The fight still went on, although Ryan was a badly beaten man. McCoy was as quick and as strong as he had been at the beginning. He punched Ryan at will, jabbed him at will on the face and body and again opened up the damaged nose and the abnormally swollen lips. Ryan stood up to his punishment like a man till he was knocked squarely off his feet with a savage right hand uppercut. This was in the twelfth round. Ryan tried to get a few minutes' breathing space in the thirteenth round, but McCoy kept at him and floored him twice. In the next Ryan stepped up to the kid stronger and fresher than in the preceding half dozen rounds and his clever and effective work began to impress his friends with the idea that he still had a fighting chance. But McCoy's pitiless jabs were thrown without cessation into his face.

The end came in the fifteenth round. Ryan was very weak, but still able to run. He did try to sprint out of the way of McCoy's wicked jabs, but the kid followed him up closer and gave him a left hand punch on the jaw, flooring Tommy. The latter struggled to his feet before he had been counted out with the blood streaming from his face. McCoy was waiting for him, and gave him a thump with his right on the jaw that knocked Tommy down again. All this was against the ropes. Ryan staggered to his feet again as Tim Hurst stood over him and, willing as ever, held his hands out blindly as he stumbled to the middle of the ring. There again McCoy was waiting for him with his pitiless right ready. Everybody was glad when he shot it out and brought Ryan down for the third time with a clip in the ear. Ryan had been hopelessly beaten long before and the spectators simply waited to see a satisfactory finish. They got it. When Ryan fell on his back he was senseless and a quarter of an hour passed before he was able to leave the ring with the arms of his seconds around him.

· Anon.
1,562 Posts
Discussion Starter · #3 ·
The Violent Life of Boxer Kid McCoy

L.A. Scene / The City Then and Now
April 14, 1997|Cecilia Rasmussen

His outrageous cheating in the boxing ring--like spraying ammonia in one opponent's eyes and strewing thumbtacks under the bare feet of another--ironically made him a glamorous sports figure. But in the world outside the ring, his temper was notorious, and between his eighth and ninth wives, he killed his girlfriend.
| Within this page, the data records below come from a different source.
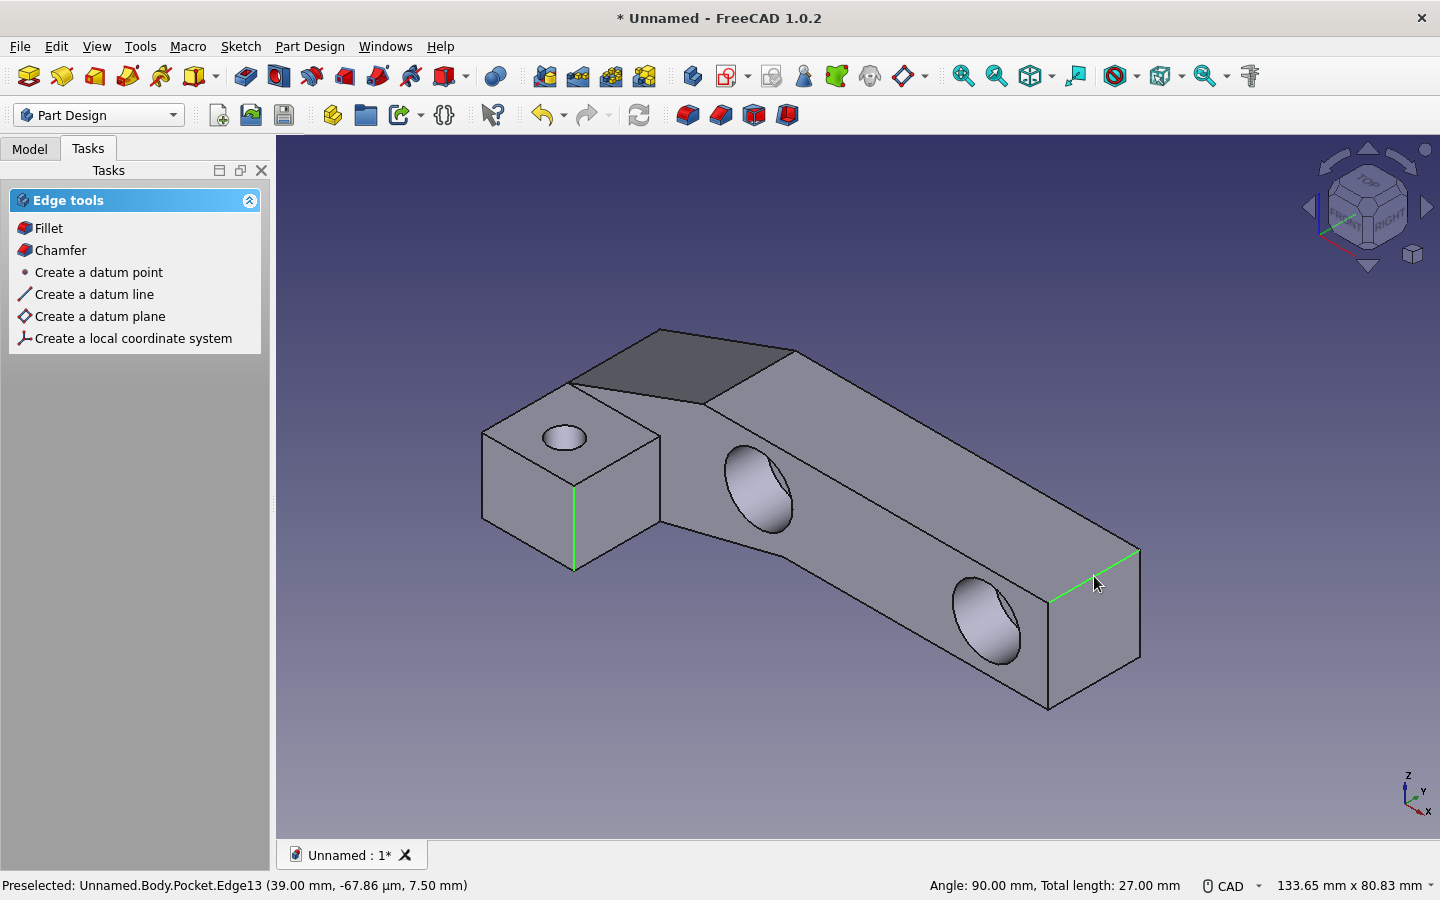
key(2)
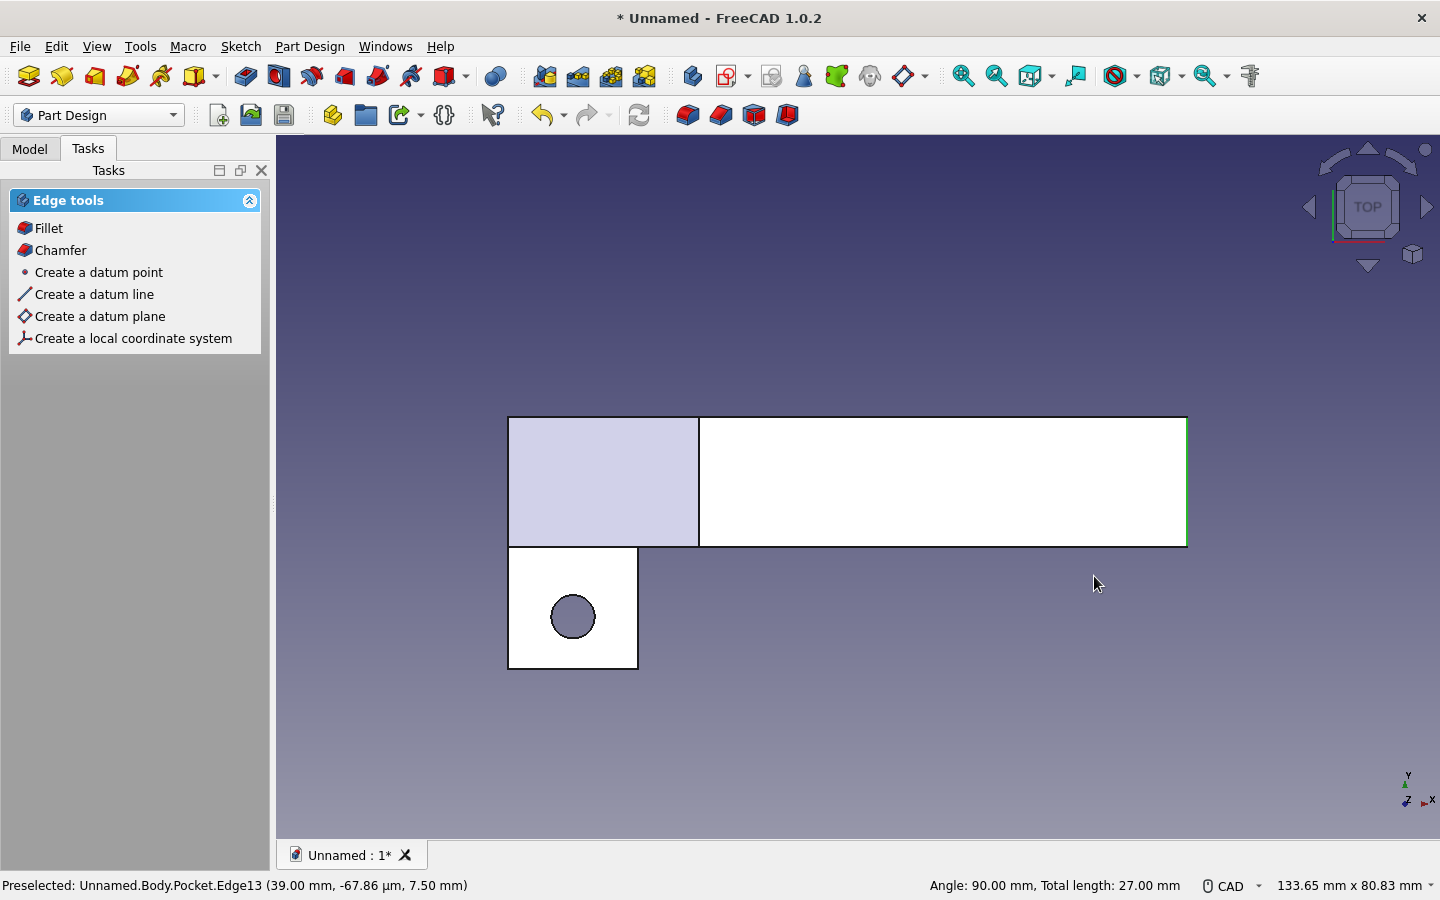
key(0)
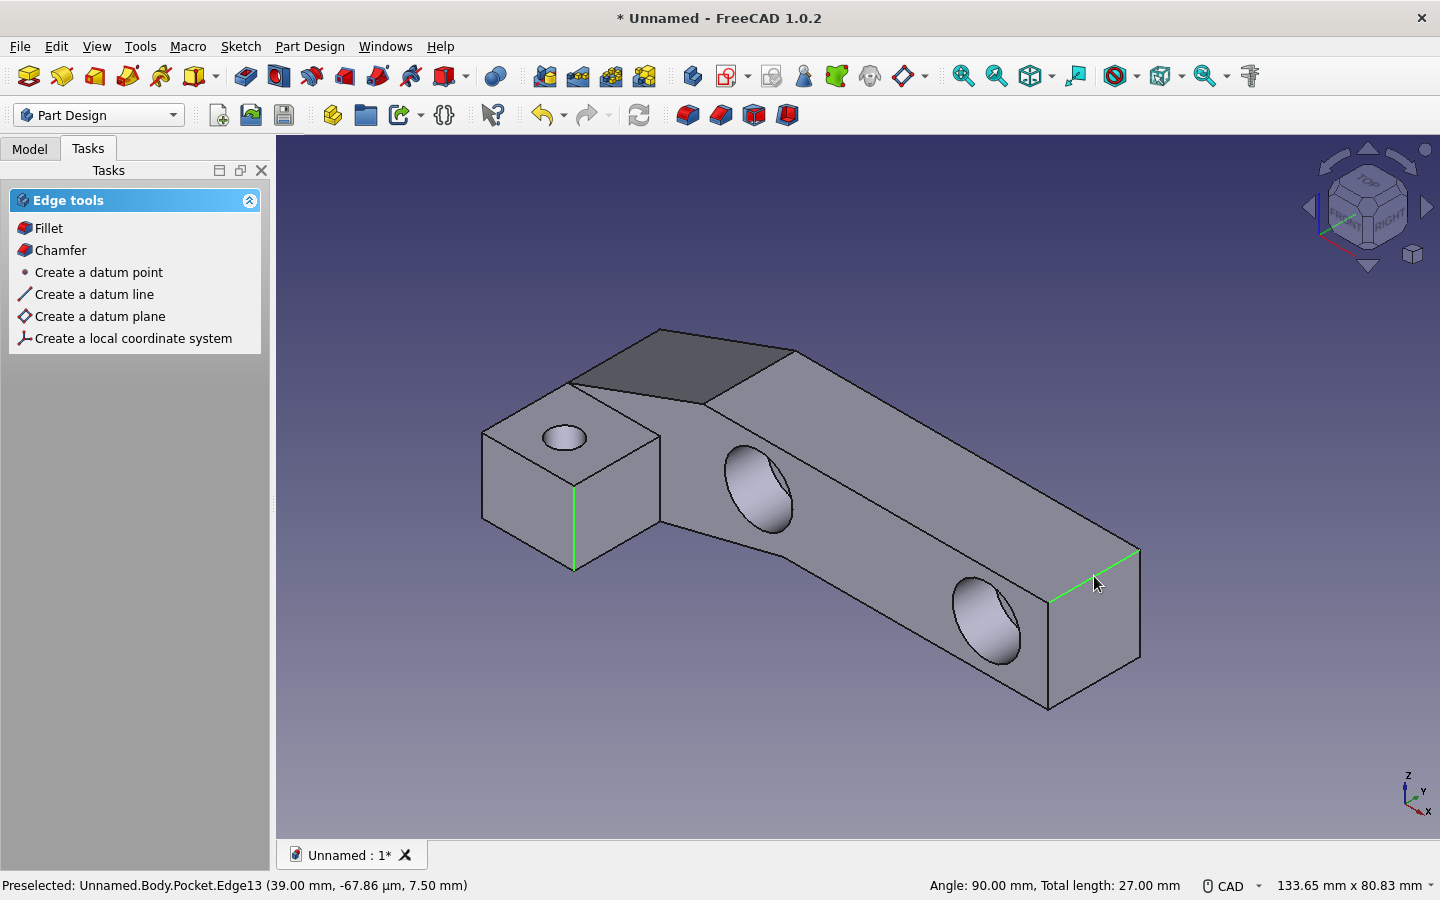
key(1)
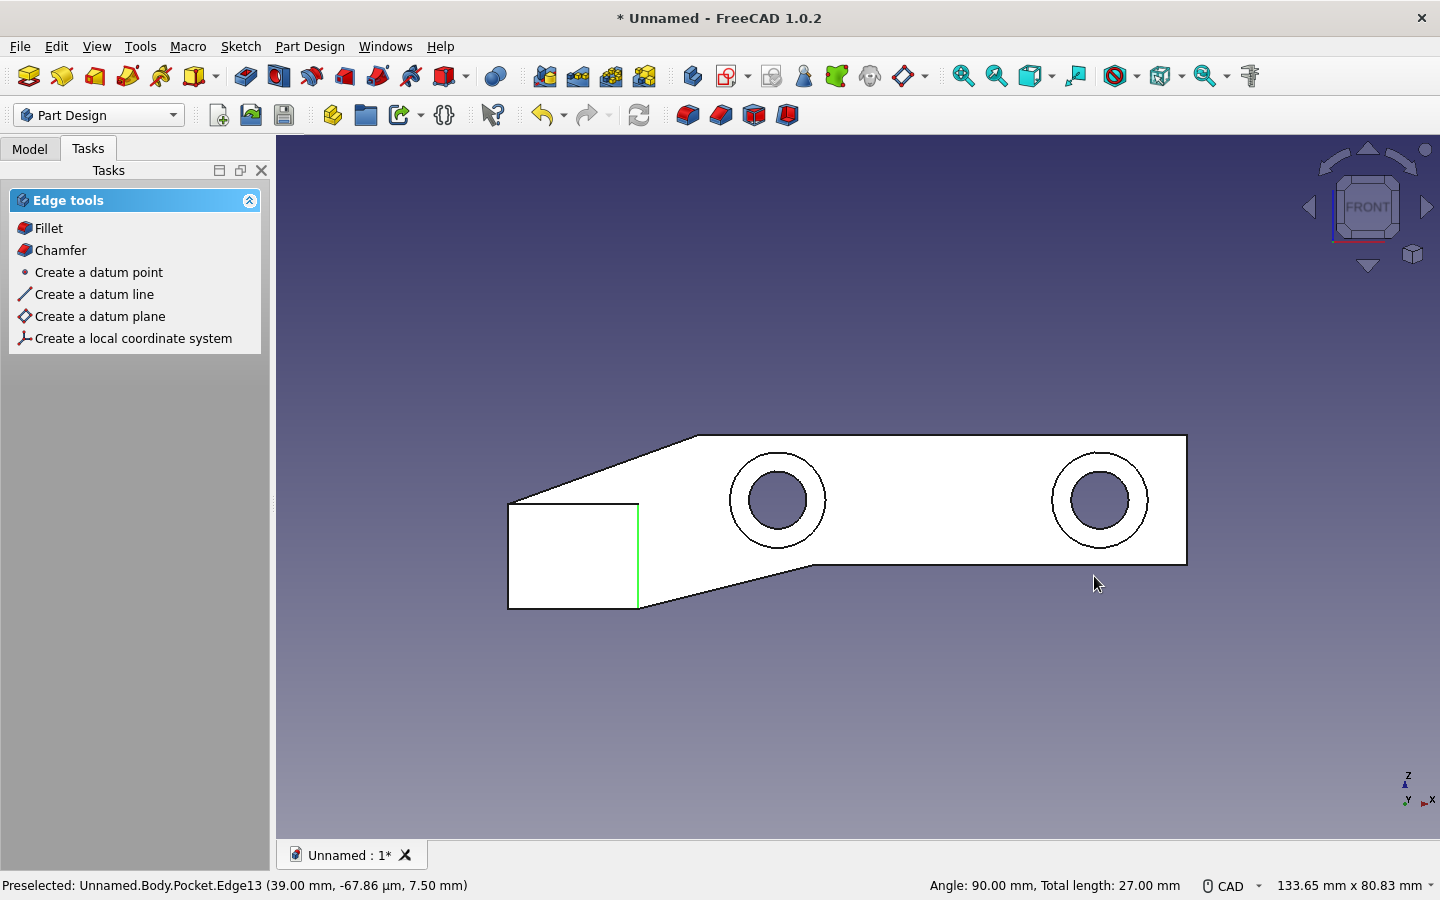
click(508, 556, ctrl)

His moniker is still in the American vocabulary: The Real McCoy.

At the turn of the century, Norman Selby boxed as "Kid McCoy," a world middleweight and welterweight champion whose opponents included Gentleman Jim Corbett--though McCoy was definitely no gentleman.


Famed for his "corkscrew punch," it was his underhanded tactics that made him popular. Against a deaf boxer, he pointed to the man's corner, indicating that the bell had ended the round. It hadn't. When the man turned away, McCoy knocked him cold.

McCoy said his name "The Real McCoy" came about thusly: "I'm in a saloon with a charming young lady, as usual. A drunk is making passes at her. I try to brush him off without too much fuss. Beat it, I says, I'm Kid McCoy. He laughs and says, 'Yeah? Well, I'm George Washington.' I have to clip him a short one and down he goes. He wakes up 10 minutes later, rubs his jaw, and says, 'Jeez, it was the real McCoy!' "

His retirement in 1897 lasted three years. In 1900, he fought against Corbett, who knocked him out. It was one of six losses in his 166-fight career.

More often, he lost his temper. Saloon slugfests increased as his fame waned. And then, in 1924, he came to Los Angeles.

His fortune gone after eight divorces, McCoy, a flabby 51, played bit parts in movies as the bad guy. He started dating Theresa Mors, whose husband, Albert, was a wealthy art and antiques dealer. Theresa moved in with McCoy, recalled 92-year-old Frances Pearlstein Grunnet, the Morses' former secretary and the only surviving witness to what would occur. She gave this account:

Theresa's friends Sam and Ann Schapp, who owned a dress shop next to the antiques store, told her that McCoy was a bum.

On Aug. 12, 1924, McCoy came home drunk. When Theresa told him what her friends thought of him, he knocked her teeth out, stabbed her and shot her in the head. McCoy drank all night and, by the next morning, wanted to kill Albert Mors too.

Mors wasn't at his shop when McCoy got there, so he kept 11 people hostage while he waited. He ordered three men to take off their pants to discourage escape. (One left anyway, and McCoy shot him in the leg.)

One of the hostages was 19-year-old Frances.

McCoy gathered up the hostages' money, giving $300 to the soon-to-be-married Frances as a wedding gift. (She later returned it to its owners.)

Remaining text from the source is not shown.